Summary of Framework

The framework has been designed to achieve the following qualities:

  • The taxonomy should be applicable to both “economic” and “one year” assessments of risk
  • It should differentiate between the systemic population risk (to which all providers are exposed albeit to in different extents) and the specific portfolio risk (to which individual providers may have materially different exposures)
  • It should be applicable to all forms of longevity exposure and longevity risk management approaches

It contains 10 risk components split between those affecting the general population and those that would affect the specific portfolio. The risk components are described in the table below.

 

Risk Component

Definition

Example

Population Risks

Event Risk

Risk of future longevity events occurring at times or with effects not consistent with the assumptions

Reduction in smoker propensity since the 1970s

Population Modelling Risk

Risk that modelling choices or interpretations made regarding the reference population are incorrect (or change) without the data or information changing

Recognition of the cohort effect

Population Mis-estimation Risk

The risk that the reference population assumption mis-estimate the correct level of the population mortality rates

Overestimation of mortality improvement in the late 00s (realised following the 2011 census)

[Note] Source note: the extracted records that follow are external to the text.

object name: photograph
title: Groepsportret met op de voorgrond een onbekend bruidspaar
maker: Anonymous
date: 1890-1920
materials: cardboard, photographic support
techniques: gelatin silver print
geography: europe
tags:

Population Volatility Risk

Risk of short-term deviations in reference population mortality improvements from the underlying level of mortality improvement owing to systemic effects

Poor performance of 2015 flu vaccine

Portfolio Risks

Heterogeneity Risk

The risk that lives with materially different longevity profiles are considered homogenous within a classification group

Lack of behavioural or mental well-being information when determining assumptions

Classification Risk

The risk that lives are misallocated to a classification group  within the mortality basis and utilise assumptions that are not appropriate

Inaccuracy of assumed impairment level based upon individual medical information

Basis Risk

The risk that the assumptions derived are not relevant to the lives in the portfolio (including geared impact on the portfolio exposure to future longevity events)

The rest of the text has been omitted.